Materials provided –
-*-*-
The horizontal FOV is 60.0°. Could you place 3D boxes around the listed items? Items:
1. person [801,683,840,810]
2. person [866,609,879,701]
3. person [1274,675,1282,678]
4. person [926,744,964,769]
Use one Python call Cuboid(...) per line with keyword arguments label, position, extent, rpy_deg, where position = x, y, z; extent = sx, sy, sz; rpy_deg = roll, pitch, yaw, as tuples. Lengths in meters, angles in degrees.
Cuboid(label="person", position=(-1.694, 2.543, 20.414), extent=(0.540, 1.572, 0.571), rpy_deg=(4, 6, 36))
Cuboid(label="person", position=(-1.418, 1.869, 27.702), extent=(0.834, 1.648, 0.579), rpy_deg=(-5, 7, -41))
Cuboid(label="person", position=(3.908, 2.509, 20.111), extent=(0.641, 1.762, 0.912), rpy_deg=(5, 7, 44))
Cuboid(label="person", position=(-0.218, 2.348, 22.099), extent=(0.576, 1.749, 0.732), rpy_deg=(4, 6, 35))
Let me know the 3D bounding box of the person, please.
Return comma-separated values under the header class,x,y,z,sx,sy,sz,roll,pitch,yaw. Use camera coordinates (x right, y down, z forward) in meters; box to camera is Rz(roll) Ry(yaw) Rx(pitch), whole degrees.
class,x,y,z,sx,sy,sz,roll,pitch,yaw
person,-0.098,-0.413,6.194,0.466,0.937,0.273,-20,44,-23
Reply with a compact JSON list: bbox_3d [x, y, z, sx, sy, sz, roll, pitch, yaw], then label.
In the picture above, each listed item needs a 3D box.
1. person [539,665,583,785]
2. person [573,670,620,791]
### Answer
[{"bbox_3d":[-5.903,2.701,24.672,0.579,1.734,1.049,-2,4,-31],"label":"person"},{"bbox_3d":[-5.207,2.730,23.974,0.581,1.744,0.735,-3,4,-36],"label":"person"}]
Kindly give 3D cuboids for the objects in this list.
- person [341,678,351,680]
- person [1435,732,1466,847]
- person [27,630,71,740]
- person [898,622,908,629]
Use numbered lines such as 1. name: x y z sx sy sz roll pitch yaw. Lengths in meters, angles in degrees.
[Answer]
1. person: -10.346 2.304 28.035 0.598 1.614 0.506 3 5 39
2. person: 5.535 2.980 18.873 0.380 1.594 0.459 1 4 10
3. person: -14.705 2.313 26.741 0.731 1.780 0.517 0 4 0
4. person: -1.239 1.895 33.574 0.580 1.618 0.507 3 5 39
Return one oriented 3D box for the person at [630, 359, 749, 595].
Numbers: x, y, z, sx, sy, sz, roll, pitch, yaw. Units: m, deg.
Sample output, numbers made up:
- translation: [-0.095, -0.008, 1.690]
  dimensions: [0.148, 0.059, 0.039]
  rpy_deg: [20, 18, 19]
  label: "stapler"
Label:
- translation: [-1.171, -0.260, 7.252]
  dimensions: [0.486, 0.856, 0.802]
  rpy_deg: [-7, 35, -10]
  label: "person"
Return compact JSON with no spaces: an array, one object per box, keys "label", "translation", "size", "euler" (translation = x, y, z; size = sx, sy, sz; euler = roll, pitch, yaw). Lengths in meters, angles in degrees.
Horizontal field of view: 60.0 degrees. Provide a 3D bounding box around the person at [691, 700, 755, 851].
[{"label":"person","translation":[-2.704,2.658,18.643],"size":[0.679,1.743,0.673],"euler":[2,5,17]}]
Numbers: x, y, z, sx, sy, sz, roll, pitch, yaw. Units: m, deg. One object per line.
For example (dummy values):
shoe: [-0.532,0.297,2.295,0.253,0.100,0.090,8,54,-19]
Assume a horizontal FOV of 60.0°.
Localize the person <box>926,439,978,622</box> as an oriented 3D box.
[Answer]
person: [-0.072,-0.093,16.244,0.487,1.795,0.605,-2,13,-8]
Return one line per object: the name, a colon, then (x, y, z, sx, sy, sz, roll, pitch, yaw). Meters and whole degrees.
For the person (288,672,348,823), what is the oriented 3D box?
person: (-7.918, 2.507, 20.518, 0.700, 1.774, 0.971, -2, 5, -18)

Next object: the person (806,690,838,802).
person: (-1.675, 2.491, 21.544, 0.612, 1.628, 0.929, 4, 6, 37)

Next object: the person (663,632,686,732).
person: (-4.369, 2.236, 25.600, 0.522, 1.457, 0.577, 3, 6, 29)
-*-*-
Exercise aim – Return every record, word for word.

Finished exercise –
The horizontal FOV is 60.0°. Could you place 3D boxes around the listed items? Items:
1. person [801,683,840,810]
2. person [866,609,879,701]
3. person [1274,675,1282,678]
4. person [926,744,964,769]
Use one Python call Cuboid(...) per line with keyword arguments label, position, extent, rpy_deg, where position = x, y, z; extent = sx, sy, sz; rpy_deg = roll, pitch, yaw, as tuples. Lengths in meters, angles in degrees.
Cuboid(label="person", position=(-1.694, 2.543, 20.414), extent=(0.540, 1.572, 0.571), rpy_deg=(4, 6, 36))
Cuboid(label="person", position=(-1.418, 1.869, 27.702), extent=(0.834, 1.648, 0.579), rpy_deg=(-5, 7, -41))
Cuboid(label="person", position=(3.908, 2.509, 20.111), extent=(0.641, 1.762, 0.912), rpy_deg=(5, 7, 44))
Cuboid(label="person", position=(-0.218, 2.348, 22.099), extent=(0.576, 1.749, 0.732), rpy_deg=(4, 6, 35))
Let me know the 3D bounding box of the person, please.
Return comma-separated values under the header class,x,y,z,sx,sy,sz,roll,pitch,yaw. Use camera coordinates (x right, y down, z forward) in meters; box to camera is Rz(roll) Ry(yaw) Rx(pitch), whole degrees.
class,x,y,z,sx,sy,sz,roll,pitch,yaw
person,-0.098,-0.413,6.194,0.466,0.937,0.273,-20,44,-23
Reply with a compact JSON list: bbox_3d [x, y, z, sx, sy, sz, roll, pitch, yaw], then label.
In the picture above, each listed item needs a 3D box.
1. person [539,665,583,785]
2. person [573,670,620,791]
### Answer
[{"bbox_3d":[-5.903,2.701,24.672,0.579,1.734,1.049,-2,4,-31],"label":"person"},{"bbox_3d":[-5.207,2.730,23.974,0.581,1.744,0.735,-3,4,-36],"label":"person"}]
Kindly give 3D cuboids for the objects in this list.
- person [341,678,351,680]
- person [1435,732,1466,847]
- person [27,630,71,740]
- person [898,622,908,629]
Use numbered lines such as 1. name: x y z sx sy sz roll pitch yaw. Lengths in meters, angles in degrees.
[Answer]
1. person: -10.346 2.304 28.035 0.598 1.614 0.506 3 5 39
2. person: 5.535 2.980 18.873 0.380 1.594 0.459 1 4 10
3. person: -14.705 2.313 26.741 0.731 1.780 0.517 0 4 0
4. person: -1.239 1.895 33.574 0.580 1.618 0.507 3 5 39
Return one oriented 3D box for the person at [630, 359, 749, 595].
Numbers: x, y, z, sx, sy, sz, roll, pitch, yaw. Units: m, deg.
Sample output, numbers made up:
- translation: [-0.095, -0.008, 1.690]
  dimensions: [0.148, 0.059, 0.039]
  rpy_deg: [20, 18, 19]
  label: "stapler"
Label:
- translation: [-1.171, -0.260, 7.252]
  dimensions: [0.486, 0.856, 0.802]
  rpy_deg: [-7, 35, -10]
  label: "person"
Return compact JSON with no spaces: an array, one object per box, keys "label", "translation", "size", "euler" (translation = x, y, z; size = sx, sy, sz; euler = roll, pitch, yaw). Lengths in meters, angles in degrees.
Horizontal field of view: 60.0 degrees. Provide a 3D bounding box around the person at [691, 700, 755, 851].
[{"label":"person","translation":[-2.704,2.658,18.643],"size":[0.679,1.743,0.673],"euler":[2,5,17]}]
Numbers: x, y, z, sx, sy, sz, roll, pitch, yaw. Units: m, deg. One object per line.
For example (dummy values):
shoe: [-0.532,0.297,2.295,0.253,0.100,0.090,8,54,-19]
Assume a horizontal FOV of 60.0°.
Localize the person <box>926,439,978,622</box> as an oriented 3D box.
[Answer]
person: [-0.072,-0.093,16.244,0.487,1.795,0.605,-2,13,-8]
Return one line per object: the name, a colon, then (x, y, z, sx, sy, sz, roll, pitch, yaw). Meters and whole degrees.
For the person (288,672,348,823), what is the oriented 3D box?
person: (-7.918, 2.507, 20.518, 0.700, 1.774, 0.971, -2, 5, -18)

Next object: the person (806,690,838,802).
person: (-1.675, 2.491, 21.544, 0.612, 1.628, 0.929, 4, 6, 37)

Next object: the person (663,632,686,732).
person: (-4.369, 2.236, 25.600, 0.522, 1.457, 0.577, 3, 6, 29)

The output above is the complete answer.